* Goal of the exercise *
Copy exactly the stretch of data below from the line with "Camera HFOV: 109.8 deg." through the line with "12. scooter or similar [368,880,446,944]", including both of those lines.

* Data excerpts *
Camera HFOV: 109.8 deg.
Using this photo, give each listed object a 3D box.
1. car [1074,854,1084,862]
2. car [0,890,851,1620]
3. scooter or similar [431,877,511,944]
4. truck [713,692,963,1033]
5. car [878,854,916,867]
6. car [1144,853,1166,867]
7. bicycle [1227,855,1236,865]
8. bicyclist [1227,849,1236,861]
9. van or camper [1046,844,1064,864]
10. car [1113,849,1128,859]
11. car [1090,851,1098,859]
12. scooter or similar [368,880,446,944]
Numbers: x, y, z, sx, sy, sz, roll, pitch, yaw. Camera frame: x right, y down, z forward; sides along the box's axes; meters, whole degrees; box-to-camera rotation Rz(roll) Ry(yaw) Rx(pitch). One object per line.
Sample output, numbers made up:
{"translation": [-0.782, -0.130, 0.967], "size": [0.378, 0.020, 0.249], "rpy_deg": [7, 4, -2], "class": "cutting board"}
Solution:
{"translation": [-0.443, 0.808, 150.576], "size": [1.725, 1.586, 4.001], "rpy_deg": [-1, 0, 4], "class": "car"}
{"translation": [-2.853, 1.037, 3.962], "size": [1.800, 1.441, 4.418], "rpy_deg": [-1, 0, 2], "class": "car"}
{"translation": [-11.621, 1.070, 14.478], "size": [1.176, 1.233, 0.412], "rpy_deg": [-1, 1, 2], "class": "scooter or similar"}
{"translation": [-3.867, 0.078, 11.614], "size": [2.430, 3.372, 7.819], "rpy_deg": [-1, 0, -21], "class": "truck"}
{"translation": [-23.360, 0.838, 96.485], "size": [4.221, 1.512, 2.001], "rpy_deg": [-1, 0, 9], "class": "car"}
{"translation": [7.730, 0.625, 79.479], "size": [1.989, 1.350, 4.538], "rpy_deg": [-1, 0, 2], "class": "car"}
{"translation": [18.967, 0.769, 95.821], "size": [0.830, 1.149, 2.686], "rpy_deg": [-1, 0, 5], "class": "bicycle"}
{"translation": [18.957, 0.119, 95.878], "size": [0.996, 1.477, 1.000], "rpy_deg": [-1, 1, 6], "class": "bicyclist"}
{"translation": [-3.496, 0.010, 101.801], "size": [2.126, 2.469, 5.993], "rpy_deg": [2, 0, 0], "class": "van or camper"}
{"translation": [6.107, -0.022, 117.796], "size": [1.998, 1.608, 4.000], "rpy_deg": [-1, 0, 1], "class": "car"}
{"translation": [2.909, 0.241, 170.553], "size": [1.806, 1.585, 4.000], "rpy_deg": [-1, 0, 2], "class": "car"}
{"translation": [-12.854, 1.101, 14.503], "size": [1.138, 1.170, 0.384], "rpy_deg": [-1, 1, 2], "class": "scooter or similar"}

---

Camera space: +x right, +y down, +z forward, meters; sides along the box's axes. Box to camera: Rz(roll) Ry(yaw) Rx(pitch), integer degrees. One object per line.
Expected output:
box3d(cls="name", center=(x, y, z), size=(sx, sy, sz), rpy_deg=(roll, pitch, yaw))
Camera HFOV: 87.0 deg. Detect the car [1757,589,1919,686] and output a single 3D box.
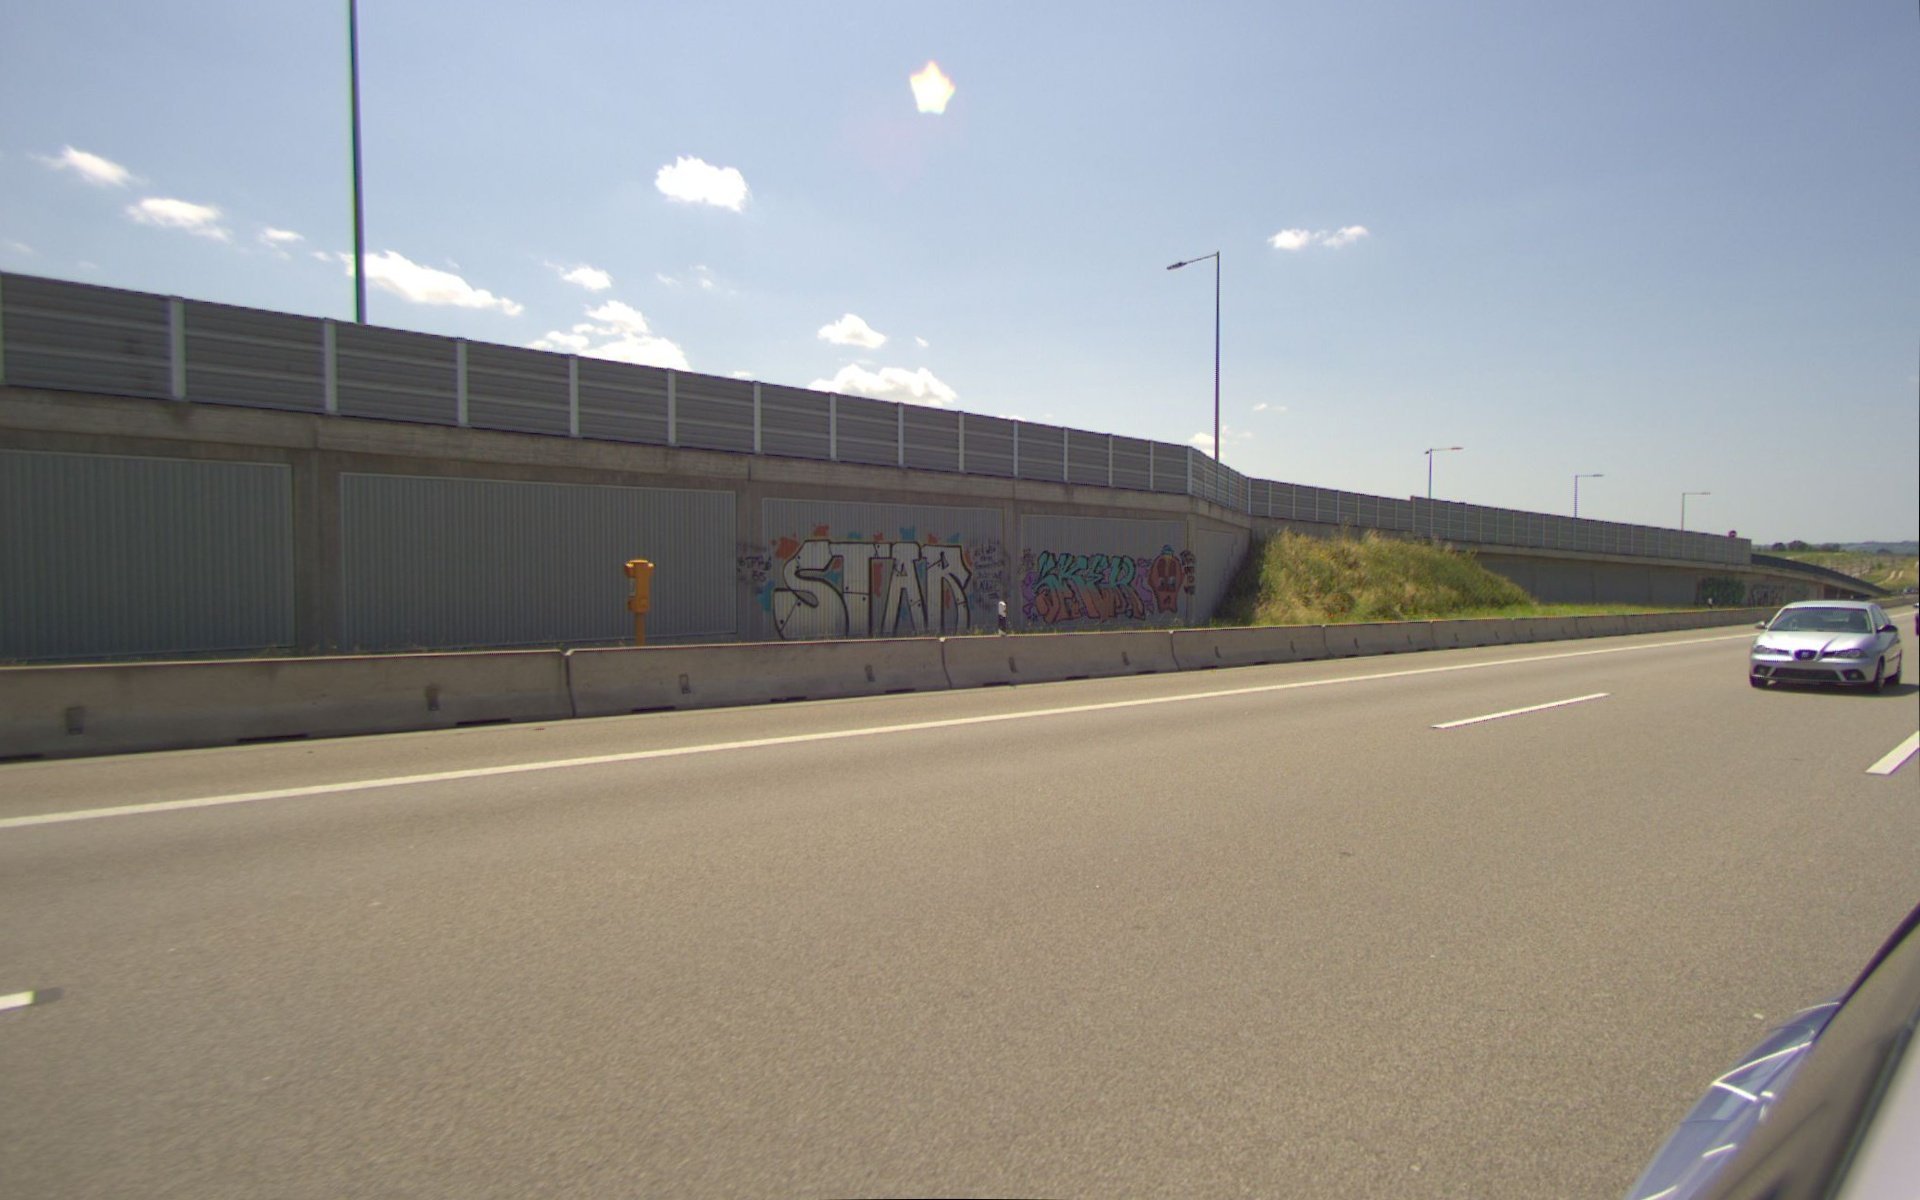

* Solved problem *
Camera HFOV: 109.8 deg.
Using this photo, give each listed object a 3D box.
1. car [1074,854,1084,862]
2. car [0,890,851,1620]
3. scooter or similar [431,877,511,944]
4. truck [713,692,963,1033]
5. car [878,854,916,867]
6. car [1144,853,1166,867]
7. bicycle [1227,855,1236,865]
8. bicyclist [1227,849,1236,861]
9. van or camper [1046,844,1064,864]
10. car [1113,849,1128,859]
11. car [1090,851,1098,859]
12. scooter or similar [368,880,446,944]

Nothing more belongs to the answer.